Спустя несколько минут Тадеуш тоже вошел в гостиную и обнаружил, что кресло, которое он предпочитал другой мебели в этой комнате, уже занято. Элин сняла босоножки и с удовольствием прошлась по гладкому теплому полу из черного дерева, а затем устроилась в глубоком и самом удобном на вид кресле. Она подобрала ноги под себя и поставила локти на один из широких подлокотников, чтобы устроить подбородок на сомкнутых у начала кистей ладонях. Когда их взгляды встретились, девушка широко улыбнулась, чем вызвала подобие улыбки в ответ. Молодой мужчина с плохо скрываемой неохотой сообщил своей светловолосой гостье, что ему нужно переодеться. Его испачканная светлая рубашка на ходу была расстегнута, от чего Элин вспыхнула легким румянцем и принялась рассматривать пол. Тадеуш без каких-либо задних мыслей поднялся на второй этаж по лестнице из темных дубовых досок.

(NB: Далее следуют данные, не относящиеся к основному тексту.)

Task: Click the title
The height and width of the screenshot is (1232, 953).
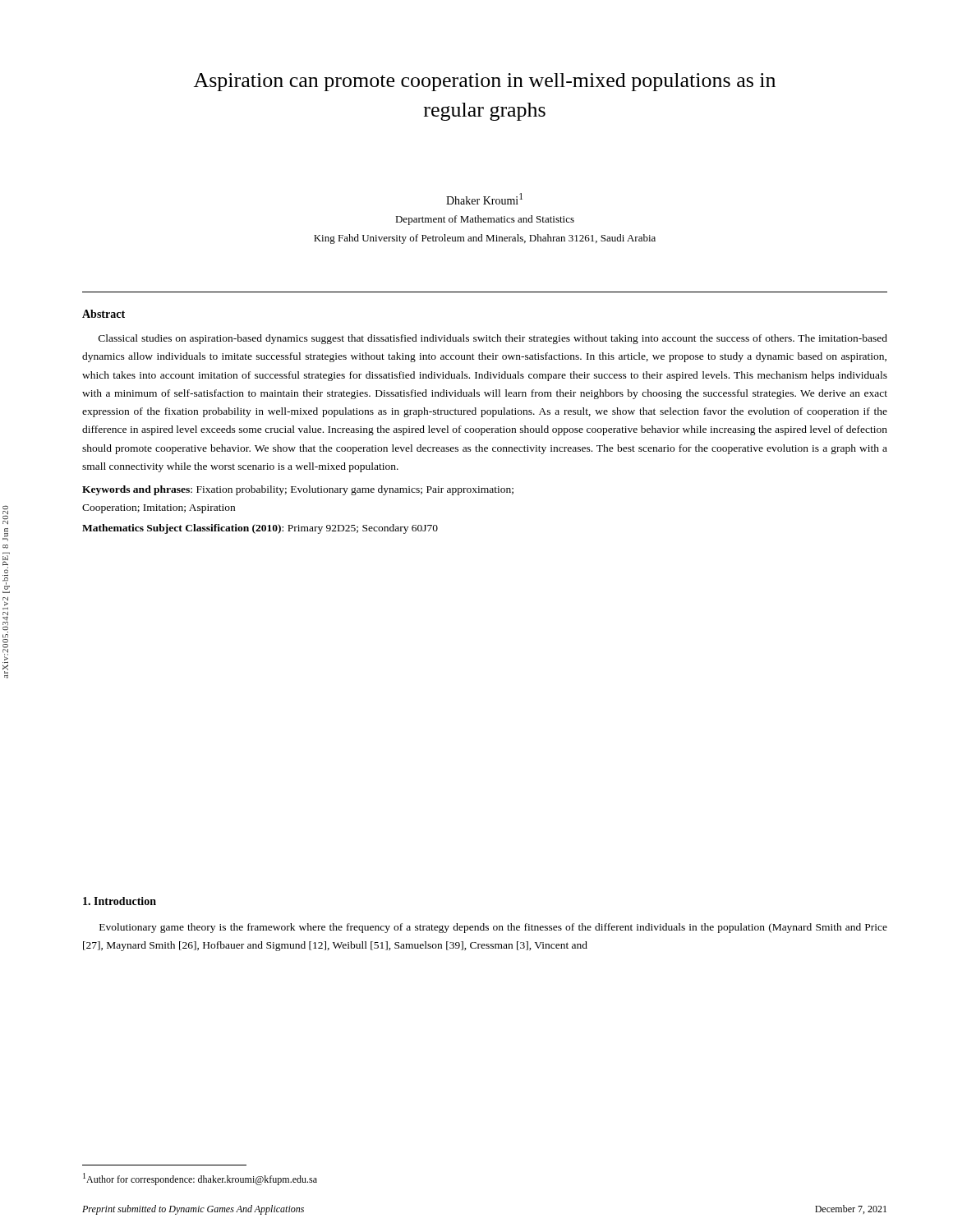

Когда же он вернулся, то не нашел девушку на прежнем месте. Её тонкий силуэт в длинном платье из легкой белой ткани неожиданно вырисовался на фоне широко французского окна. Там, в самой темной части гостиной, где начиналась лоджия и где свет приходилось включать самостоятельно, Адалина очарованно наблюдала за удивительно красивой ночью. Наблюдала и сама не знала того, что завораживает своими чертами не меньше, чем эта ночь.
И теперь, после его вопроса о дружбе, в пространстве повисло ненавистное ожидание. Это чувство раздражало девушку, поэтому она отстранилась и подняла голову вверх, ловя свежий запах стирального порошка. Сейчас на неё смотрел человек, который хотел услышать только один, совершенно определенный ответ. Она готова была дать его тому, кто держит обещания и помогает в трудную минуту. А как же тот, кто при мгновенной вспышке ярости может с легкостью сломать чужую руку?
- Я много раз слышала о том, что…нет, - она слегка покачала головой. – Ты ведь знаешь, каково это – убить человека?
- Я не стану отвечать, – мрачно произнес мужчина.
- Знаешь, - прошептала она в ответ.
Её настойчивая близость и потемневшая зелень глаз выражали решительное требование лучше, чем какие-либо слова. Но то, что он мог рассказать, не предназначалось для таких ушей. Он бы предпочел, чтобы девушка никогда не видела его жестокости, и вообще находилась как можно дальше от любых дел семьи Моор. Сейчас Тадеуш осознавал это так четко, что от нарастающей злобы на самого себя скрипело сердце.
- Когда становишься старше, кое-что начинаешь понимать. И я давно уже понял, что в моем прошлом нет ни черта, чем можно было бы гордиться. Строгость воспитания отец направил на брата, я же рос в атмосфере вседозволенности. Даже теперь не знаю, чего не могу получить в этой жизни, потому что у меня всегда есть всё. И ты, Адалина, не была исключением. Я не скажу тебе, что ты перевернула мое представление об отношении к другим, как видишь, поступаю по-своему до сих пор. Но я многое сделал из того, за что обязательно отвечу, в том числе и за чужие жизни. Это было давно, и это было самое дерьмовое время после моего совершеннолетия, тогда из-за моих выходок пострадало много людей. Про те года ты от меня никогда ничего не услышишь, ясно? Это все, что тебе нужно знать, и больше не спрашивай о подобном.